Hi Pat, the San Francisco Chronicle asked readers yesterday to come up with a better name for the RRW. The link is below.

http://sfgate.com/cgi-bin/blogs/sfgate/detail?blogid=13&entry_id=14022

Here are my favorites:

Nancy Bertossa, Aptos - The "We Really Hope It Works But If It Doesn't We Were Just Kidding Warhead." In military circles, also known as DAMMAPOTP: "Drop as much money as possible on the problem."

Philip Ha, Oakland - The ICTBSW, aka the "I Can't Think of a Better Solution Warhead."

Timothy Moder, Berkeley - "Bush's Finest Hour." This is a lot cheaper than Iraq and hasn't killed a single person to date.

Ted Loewenberg, San Francisco- "The Nuculearator" fits well with Bush's command of the English language.

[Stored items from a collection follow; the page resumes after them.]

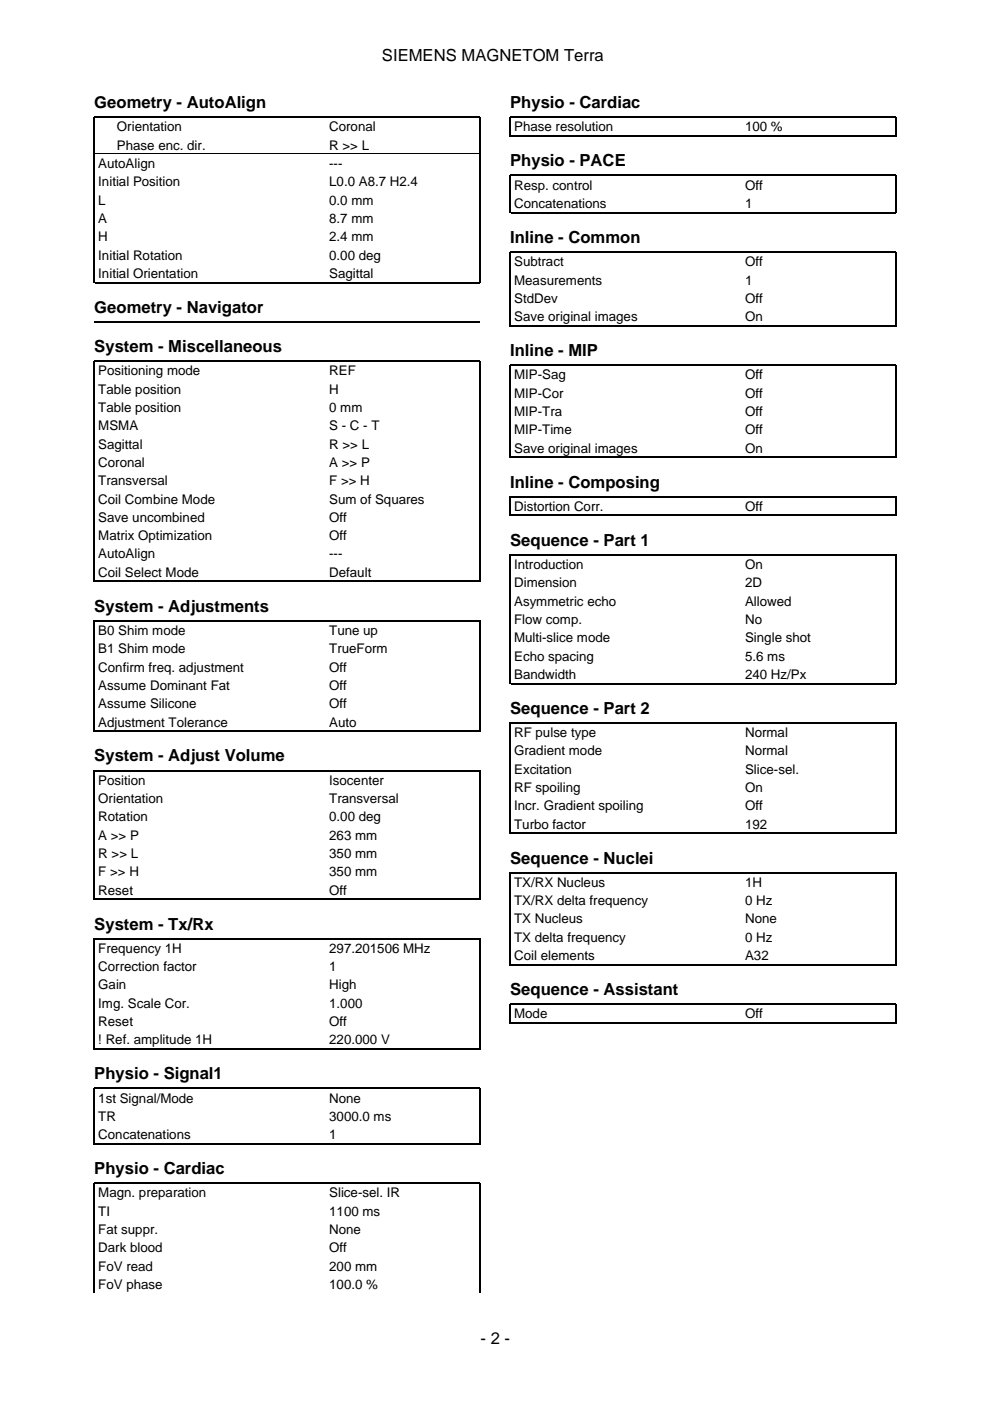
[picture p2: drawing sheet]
<svg xmlns="http://www.w3.org/2000/svg" width="210mm" height="297mm" viewBox="0 0 210 297" stroke-linecap="round" stroke-linejoin="round" font-family="sans-serif">
<defs><g id="words">
<g font-size="3.5">
<text x="81" y="12.9">SIEMENS MAGNETOM Terra</text>
<text x="20" y="22.9">Geometry - AutoAlign</text>
<text x="108.2" y="22.9">Physio - Cardiac</text>
<text x="108.2" y="35.3">Physio - PACE</text>
<text x="108.2" y="51.5">Inline - Common</text>
<text x="20" y="66.3">Geometry - Navigator</text>
<text x="20" y="74.7">System - Miscellaneous</text>
<text x="108.2" y="75.5">Inline - MIP</text>
<text x="108.2" y="103.4">Inline - Composing</text>
<text x="108.2" y="115.7">Sequence - Part 1</text>
<text x="20" y="129.7">System - Adjustments</text>
<text x="108.2" y="151.3">Sequence - Part 2</text>
<text x="20" y="161.5">System - Adjust Volume</text>
<text x="108.2" y="183.1">Sequence - Nuclei</text>
<text x="20" y="197.1">System - Tx/Rx</text>
<text x="108.2" y="211">Sequence - Assistant</text>
<text x="20" y="228.8">Physio - Signal1</text>
<text x="20" y="248.9">Physio - Cardiac</text>
<text x="101.9" y="284.9">- 2 -</text>
</g>
<g font-size="2.8">
<text x="24.8" y="27.9">Orientation</text>
<text x="69.8" y="27.9">Coronal</text>
<text x="109" y="27.9">Phase resolution</text>
<text x="158" y="27.9">100 %</text>
<text x="20.8" y="35.6">AutoAlign</text>
<text x="24.8" y="31.7">Phase enc. dir.</text>
<text x="69.8" y="31.7">R &gt;&gt; L</text>
<text x="69.8" y="35.6">---</text>
<text x="20.8" y="39.5">Initial Position</text>
<text x="69.8" y="39.5">L0.0 A8.7 H2.4</text>
<text x="109" y="40.2">Resp. control</text>
<text x="158" y="40.2">Off</text>
<text x="20.8" y="43.4">L</text>
<text x="20.8" y="47.3">A</text>
<text x="69.8" y="43.4">0.0 mm</text>
<text x="69.8" y="47.3">8.7 mm</text>
<text x="109" y="44.1">Concatenations</text>
<text x="158" y="44.1">1</text>
<text x="20.8" y="51.2">H</text>
<text x="69.8" y="51.2">2.4 mm</text>
<text x="20.8" y="55">Initial Rotation</text>
<text x="20.8" y="58.9">Initial Orientation</text>
<text x="69.8" y="55">0.00 deg</text>
<text x="69.8" y="58.9">Sagittal</text>
<text x="109" y="56.4">Subtract</text>
<text x="158" y="56.4">Off</text>
<text x="109" y="60.3">Measurements</text>
<text x="109" y="64.2">StdDev</text>
<text x="158" y="60.3">1</text>
<text x="158" y="64.2">Off</text>
<text x="109" y="68.1">Save original images</text>
<text x="158" y="68.1">On</text>
<text x="20.8" y="79.6">Positioning mode</text>
<text x="20.8" y="83.5">Table position</text>
<text x="69.8" y="79.6">REF</text>
<text x="69.8" y="83.5">H</text>
<text x="109" y="80.4">MIP-Sag</text>
<text x="158" y="80.4">Off</text>
<text x="20.8" y="87.4">Table position</text>
<text x="69.8" y="87.4">0 mm</text>
<text x="109" y="84.3">MIP-Cor</text>
<text x="109" y="88.2">MIP-Tra</text>
<text x="158" y="84.3">Off</text>
<text x="158" y="88.2">Off</text>
<text x="20.8" y="91.2">MSMA</text>
<text x="20.8" y="95.1">Sagittal</text>
<text x="69.8" y="91.2">S - C - T</text>
<text x="69.8" y="95.1">R &gt;&gt; L</text>
<text x="109" y="92.1">MIP-Time</text>
<text x="109" y="96">Save original images</text>
<text x="158" y="92.1">Off</text>
<text x="158" y="96">On</text>
<text x="20.8" y="99">Coronal</text>
<text x="69.8" y="99">A &gt;&gt; P</text>
<text x="20.8" y="102.9">Transversal</text>
<text x="20.8" y="106.8">Coil Combine Mode</text>
<text x="69.8" y="102.9">F &gt;&gt; H</text>
<text x="69.8" y="106.8">Sum of Squares</text>
<text x="20.8" y="110.6">Save uncombined</text>
<text x="69.8" y="110.6">Off</text>
<text x="109" y="108.3">Distortion Corr.</text>
<text x="158" y="108.3">Off</text>
<text x="20.8" y="114.5">Matrix Optimization</text>
<text x="20.8" y="118.4">AutoAlign</text>
<text x="69.8" y="114.5">Off</text>
<text x="69.8" y="118.4">---</text>
<text x="20.8" y="122.3">Coil Select Mode</text>
<text x="69.8" y="122.3">Default</text>
<text x="109" y="120.6">Introduction</text>
<text x="109" y="124.5">Dimension</text>
<text x="158" y="120.6">On</text>
<text x="158" y="124.5">2D</text>
<text x="109" y="128.4">Asymmetric echo</text>
<text x="158" y="128.4">Allowed</text>
<text x="20.8" y="134.6">B0 Shim mode</text>
<text x="69.8" y="134.6">Tune up</text>
<text x="109" y="132.3">Flow comp.</text>
<text x="109" y="136.2">Multi-slice mode</text>
<text x="158" y="132.3">No</text>
<text x="158" y="136.2">Single shot</text>
<text x="20.8" y="138.5">B1 Shim mode</text>
<text x="20.8" y="142.4">Confirm freq. adjustment</text>
<text x="69.8" y="138.5">TrueForm</text>
<text x="69.8" y="142.4">Off</text>
<text x="109" y="140.1">Echo spacing</text>
<text x="109" y="143.9">Bandwidth</text>
<text x="158" y="140.1">5.6 ms</text>
<text x="158" y="143.9">240 Hz/Px</text>
<text x="20.8" y="146.3">Assume Dominant Fat</text>
<text x="69.8" y="146.3">Off</text>
<text x="20.8" y="150.2">Assume Silicone</text>
<text x="20.8" y="154">Adjustment Tolerance</text>
<text x="69.8" y="150.2">Off</text>
<text x="69.8" y="154">Auto</text>
<text x="109" y="156.3">RF pulse type</text>
<text x="109" y="160.2">Gradient mode</text>
<text x="158" y="156.3">Normal</text>
<text x="158" y="160.2">Normal</text>
<text x="20.8" y="166.4">Position</text>
<text x="69.8" y="166.4">Isocenter</text>
<text x="109" y="164">Excitation</text>
<text x="109" y="167.9">RF spoiling</text>
<text x="158" y="164">Slice-sel.</text>
<text x="158" y="167.9">On</text>
<text x="20.8" y="170.3">Orientation</text>
<text x="69.8" y="170.3">Transversal</text>
<text x="109" y="171.8">Incr. Gradient spoiling</text>
<text x="158" y="171.8">Off</text>
<text x="20.8" y="174.1">Rotation</text>
<text x="20.8" y="178">A &gt;&gt; P</text>
<text x="69.8" y="174.1">0.00 deg</text>
<text x="69.8" y="178">263 mm</text>
<text x="109" y="175.7">Turbo factor</text>
<text x="158" y="175.7">192</text>
<text x="20.8" y="181.9">R &gt;&gt; L</text>
<text x="20.8" y="185.8">F &gt;&gt; H</text>
<text x="69.8" y="181.9">350 mm</text>
<text x="69.8" y="185.8">350 mm</text>
<text x="20.8" y="189.7">Reset</text>
<text x="69.8" y="189.7">Off</text>
<text x="109" y="188">TX/RX Nucleus</text>
<text x="109" y="191.9">TX/RX delta frequency</text>
<text x="158" y="188">1H</text>
<text x="158" y="191.9">0 Hz</text>
<text x="109" y="195.8">TX Nucleus</text>
<text x="158" y="195.8">None</text>
<text x="20.8" y="202">Frequency 1H</text>
<text x="69.8" y="202">297.201506 MHz</text>
<text x="109" y="199.7">TX delta frequency</text>
<text x="109" y="203.6">Coil elements</text>
<text x="158" y="199.7">0 Hz</text>
<text x="158" y="203.6">A32</text>
<text x="20.8" y="205.9">Correction factor</text>
<text x="20.8" y="209.8">Gain</text>
<text x="69.8" y="205.9">1</text>
<text x="69.8" y="209.8">High</text>
<text x="20.8" y="213.7">Img. Scale Cor.</text>
<text x="69.8" y="213.7">1.000</text>
<text x="109" y="215.9">Mode</text>
<text x="158" y="215.9">Off</text>
<text x="20.8" y="217.5">Reset</text>
<text x="20.8" y="221.4">! Ref. amplitude 1H</text>
<text x="69.8" y="217.5">Off</text>
<text x="69.8" y="221.4">220.000 V</text>
<text x="20.8" y="233.8">1st Signal/Mode</text>
<text x="69.8" y="233.8">None</text>
<text x="20.8" y="237.6">TR</text>
<text x="69.8" y="237.6">3000.0 ms</text>
<text x="20.8" y="241.5">Concatenations</text>
<text x="69.8" y="241.5">1</text>
<text x="20.8" y="253.9">Magn. preparation</text>
<text x="20.8" y="257.8">TI</text>
<text x="69.8" y="253.9">Slice-sel. IR</text>
<text x="69.8" y="257.8">1100 ms</text>
<text x="20.8" y="261.6">Fat suppr.</text>
<text x="69.8" y="261.6">None</text>
<text x="20.8" y="265.5">Dark blood</text>
<text x="20.8" y="269.4">FoV read</text>
<text x="69.8" y="265.5">Off</text>
<text x="69.8" y="269.4">200 mm</text>
<text x="20.8" y="273.3">FoV phase</text>
<text x="69.8" y="273.3">100.0 %</text>
</g>
</g></defs>
<g fill="none" stroke="#000" stroke-width=".26">
<path d="M108.2 29v-4.2h81.8v4.2M108.3 28.9h81.6M20.1 59.9h81.6M108.2 45.2v-8h81.8v8M108.3 45.1h81.6M20 68.3h81.8M20 60.1v-35.3h81.8v35.3M108.2 69.2v-15.8h81.8v15.8M108.3 69.1h81.6M108.2 97.1v-19.7h81.8v19.7M108.3 96.9h81.6M108.2 109.4v-4.1h81.8v4.1"/>
<path d="M108.3 109.3h81.6M20 123.4v-46.8h81.8v46.8M20.1 123.3h81.6M20 155.2v-23.6h81.8v23.6M20.1 155h81.6M108.2 145.1v-27.5h81.8v27.5M108.3 144.9h81.6M108.2 176.8v-23.5h81.8v23.5M108.3 176.7h81.6M20 190.8v-27.4h81.8v27.4M20.1 190.7h81.6M108.2 204.7v-19.7h81.8v19.7"/>
<path d="M108.2 217v-4.1h81.8v4.1M108.3 204.5h81.6M108.3 216.9h81.6M20 222.6v-23.6h81.8v23.6M20.1 222.4h81.6M20 242.7v-11.9h81.8v11.9M20.1 242.5h81.6M20 274.1v-23.2h81.8v23.2"/>
</g>
<path d="M20.1 32.6h81.6" fill="none" stroke="#000" stroke-width=".21"/>
<use href="#words"/>
</svg>

There's no logic in calling the weapon "reliable" because it must be, by definition. Let future generations remember Bush's militarism and his foreign policy failures by relying on a "Nuculearator" trump card in the silos.

John Bejarano, San Mateo - How about: "The warhead named by a progressive newspaper wasting its space by asking people to name it in such a way as to try to bring further obloquy to an already deservedly embattled Bush administration for the entertainment purposes of their readership's leftist majority." Or is that too long?